Patience is needed to learn the details of dovetail construction and move through all the gyrations needed to execute each part. Dovetails are generally done in groups of 1 to 7 or so. Each one requires its own time and they can be tedious. There is a tendency to try and execute them as fast as possible. Don’t. Be patient and execute each step on each tail and pin. You or your client will appreciate the beauty of well executed joinery for the rest of your life and after. Mistakes will show and become maker’s marks and be with you forever. That may not be a bad thing. Dovetails always provide humility.

You can find on the internet, woodworkers that execute a single dovetail flawlessly in softwood in two minutes or less. They imply if you buy their dovetail guild, their saw, or use their methods (tails first, blue tape, cheat and use basswood,) that you can be just as fast and precise. Actually you can…after cutting enough dovetails, your eye and hand and mind will understand. The key is to have the patience with yourself to learn. Any of the tools and techniques will work, you are the problem until your not. :)
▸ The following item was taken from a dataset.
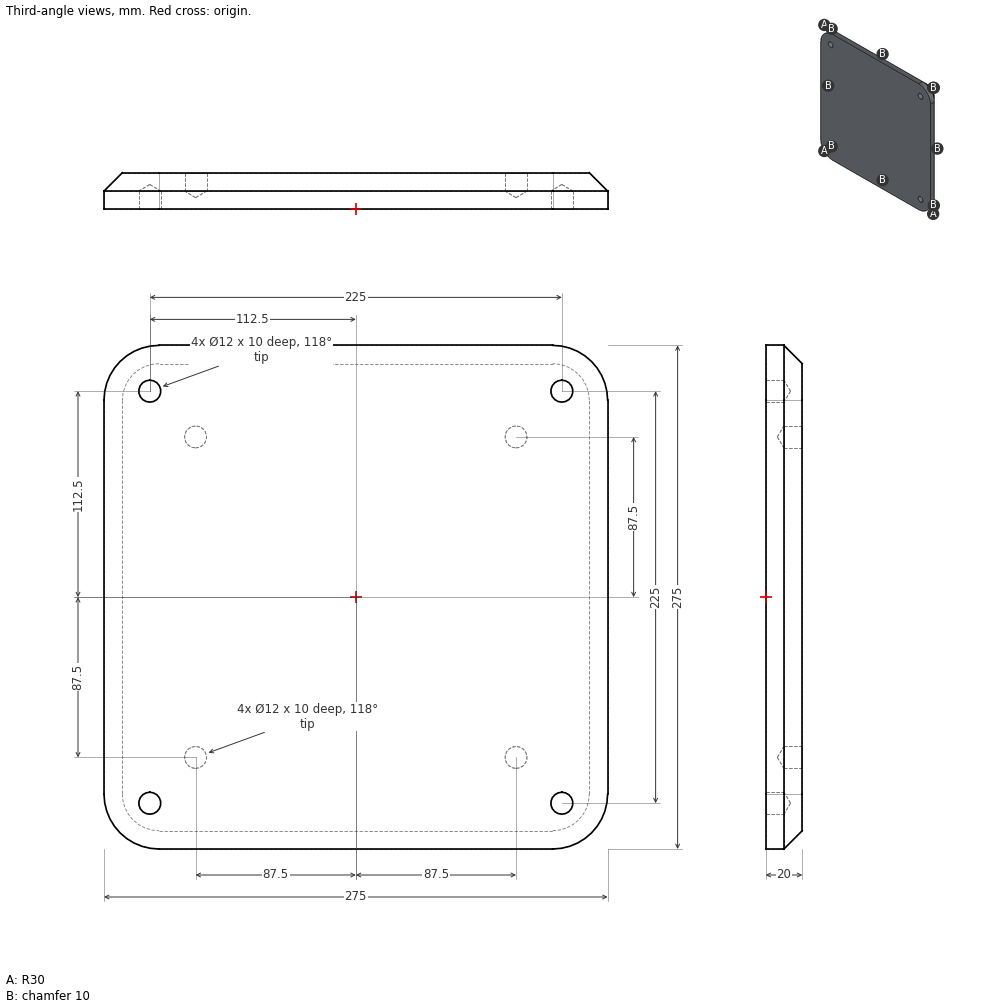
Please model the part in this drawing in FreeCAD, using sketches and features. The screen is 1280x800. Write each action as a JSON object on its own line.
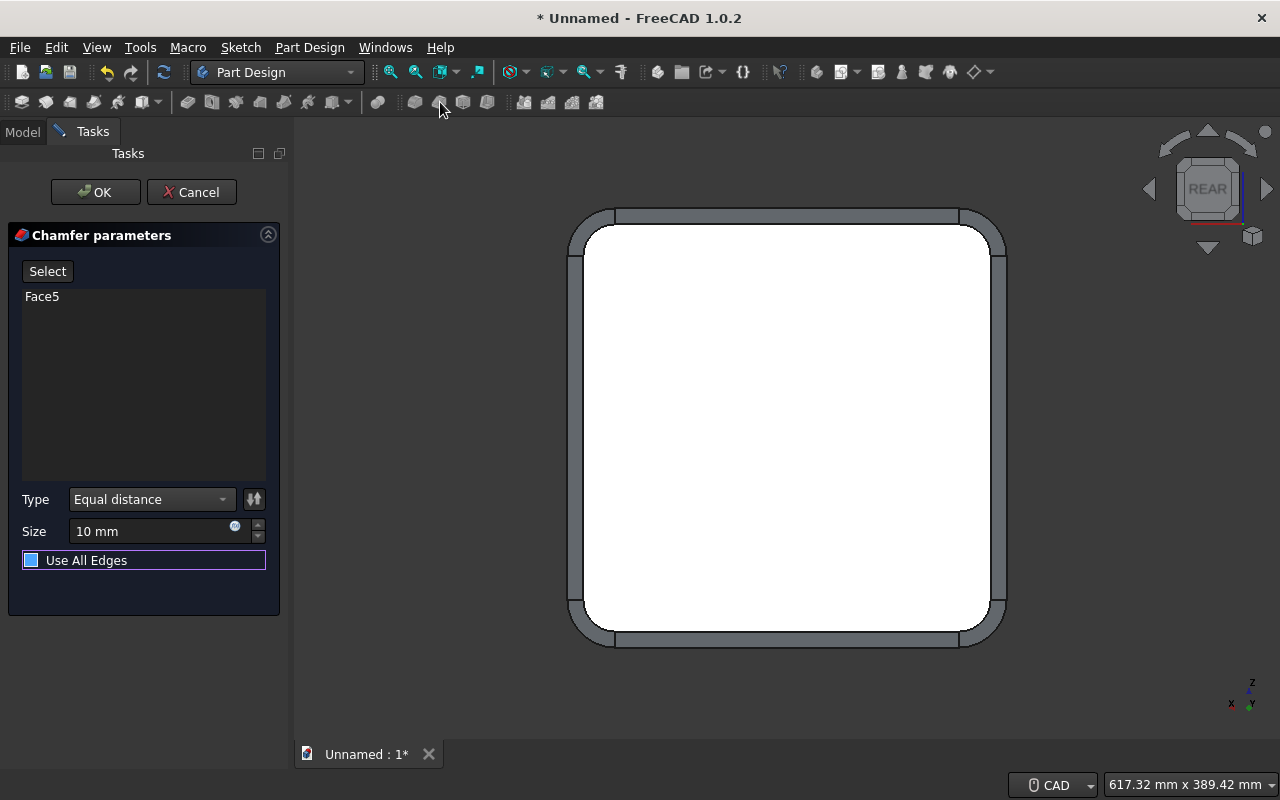
{"action": "left_click", "coordinate": [96, 192]}

Mindfulness is the second part that is absolutely required. Do the saw cuts one stroke too far and they show. Pare waste below the baseline and it will show. The challenge is staying in the moment to allow the precision required of a beautifully executed joint. Perfectly worked dovetails in photos are done by woodworkers that have mastered the moment.

The last thought I’d leave with you is this. Woodworking forces us to be patient and be mindful, to stay in the present. To do the work well does not allow us to worry about tomorrow or what someone said yesterday. We can concentrate on making something beautiful and in doing encounter the peacefulness that is so fleeting in our lives.

The little box above is in mesquite and has a touch of turquoise inlay to complement and add color. Its purpose was to serve as a funeral urn and was executed with intent, and mindfulness for someone that I knew. Patience and mindfulness are blessings returned to me in this work.